#### [WHAT YOU NEED TO DO]
The lines to print run from the top of the material below to the line with "<formula> <loc_0><loc_0><loc_500><loc_500>E _", inclusive; please copy them exactly, without pictures.

=== ENTRIES PROVIDED ===

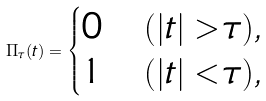Convert formula to latex. <formula><loc_0><loc_0><loc_500><loc_500>\Pi _ { \tau } ( t ) = \begin{cases} 0 & ( | t | > \tau ) , \\ 1 & ( | t | < \tau ) , \end{cases}</formula> 
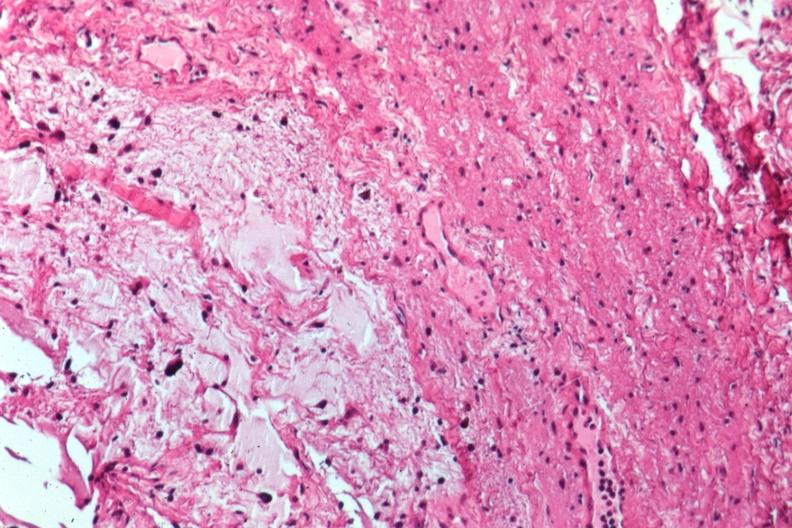what is present?
Answer the question using a single word or phrase. Optic nerve 
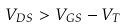<formula> <loc_0><loc_0><loc_500><loc_500>V _ { D S } > V _ { G S } - V _ { T }</formula> 
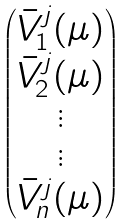Convert formula to latex. <formula><loc_0><loc_0><loc_500><loc_500>\begin{pmatrix} { \bar { V } ^ { j } } _ { 1 } ( \mu ) \\ { \bar { V } ^ { j } } _ { 2 } ( \mu ) \\ \vdots \\ \vdots \\ { \bar { V } ^ { j } } _ { n } ( \mu ) \end{pmatrix}</formula> 
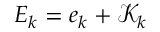<formula> <loc_0><loc_0><loc_500><loc_500>E _ { k } = e _ { k } + \mathcal { K } _ { k }</formula> 
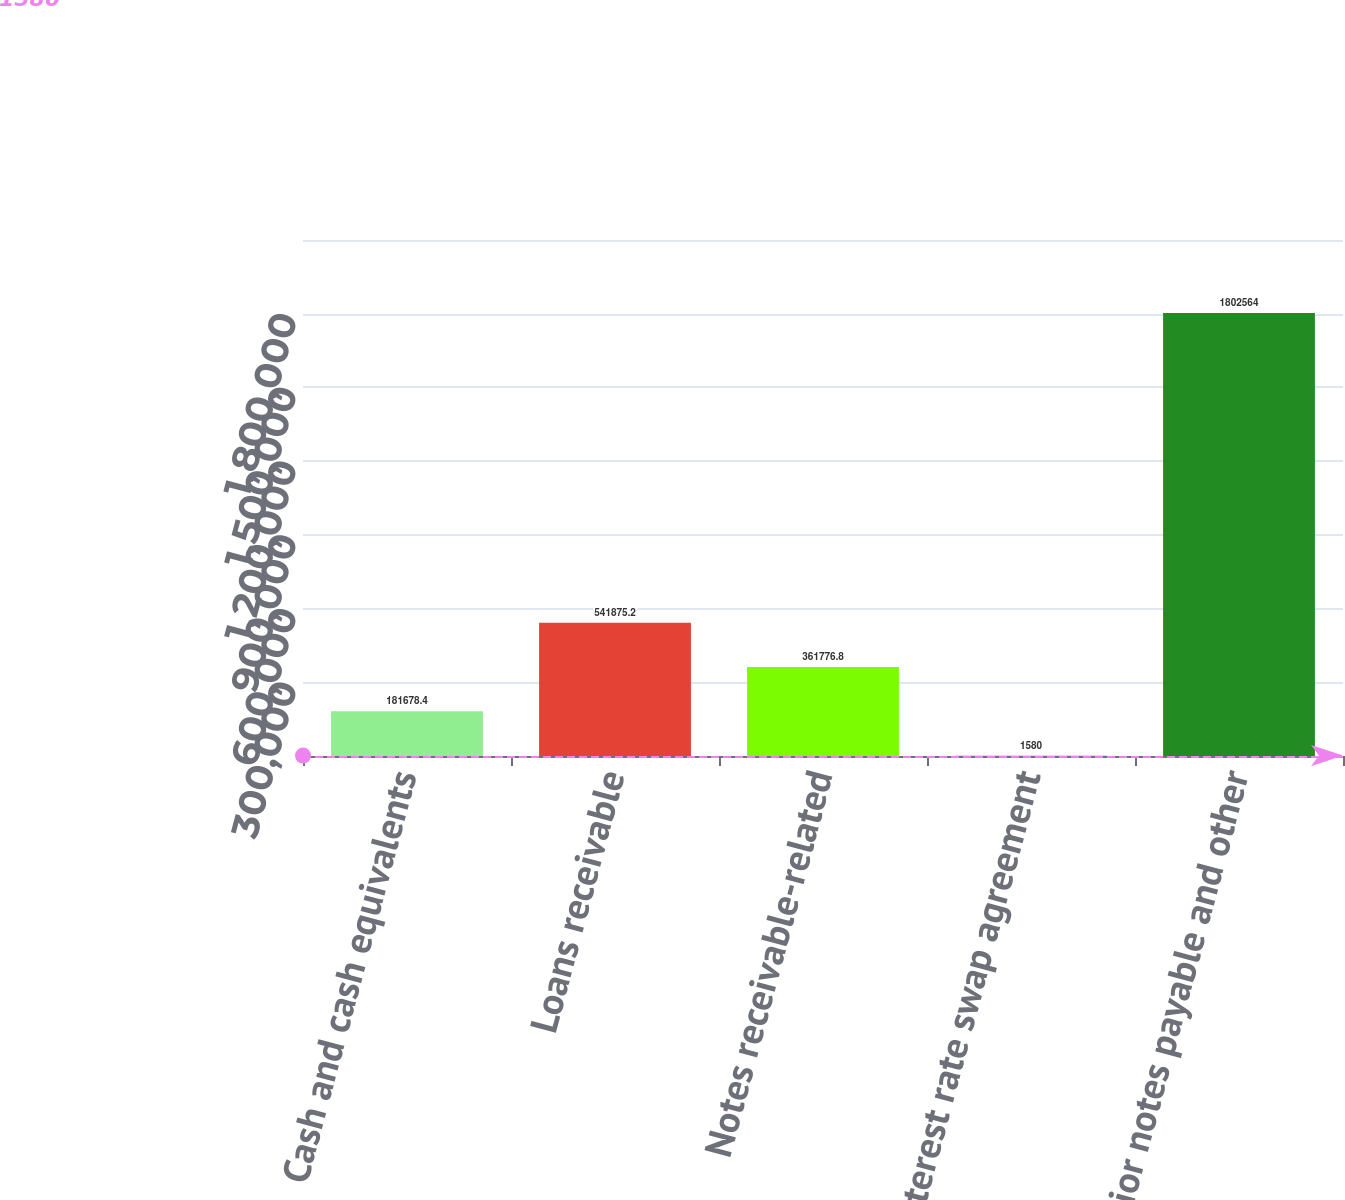Convert chart. <chart><loc_0><loc_0><loc_500><loc_500><bar_chart><fcel>Cash and cash equivalents<fcel>Loans receivable<fcel>Notes receivable-related<fcel>Interest rate swap agreement<fcel>Senior notes payable and other<nl><fcel>181678<fcel>541875<fcel>361777<fcel>1580<fcel>1.80256e+06<nl></chart>

===

#### [TASK RESPONSE]
Convert formula to latex. <formula><loc_0><loc_0><loc_500><loc_500>\Pi _ { \tau } ( t ) = \begin{cases} 0 & ( | t | > \tau ) , \\ 1 & ( | t | < \tau ) , \end{cases}</formula> 
what is present?
Answer the question using a single word or phrase. Optic nerve 
<formula> <loc_0><loc_0><loc_500><loc_500>V _ { D S } > V _ { G S } - V _ { T }</formula> 
Convert formula to latex. <formula><loc_0><loc_0><loc_500><loc_500>\begin{pmatrix} { \bar { V } ^ { j } } _ { 1 } ( \mu ) \\ { \bar { V } ^ { j } } _ { 2 } ( \mu ) \\ \vdots \\ \vdots \\ { \bar { V } ^ { j } } _ { n } ( \mu ) \end{pmatrix}</formula> 
<formula> <loc_0><loc_0><loc_500><loc_500>E _ { k } = e _ { k } + \mathcal { K } _ { k }</formula> 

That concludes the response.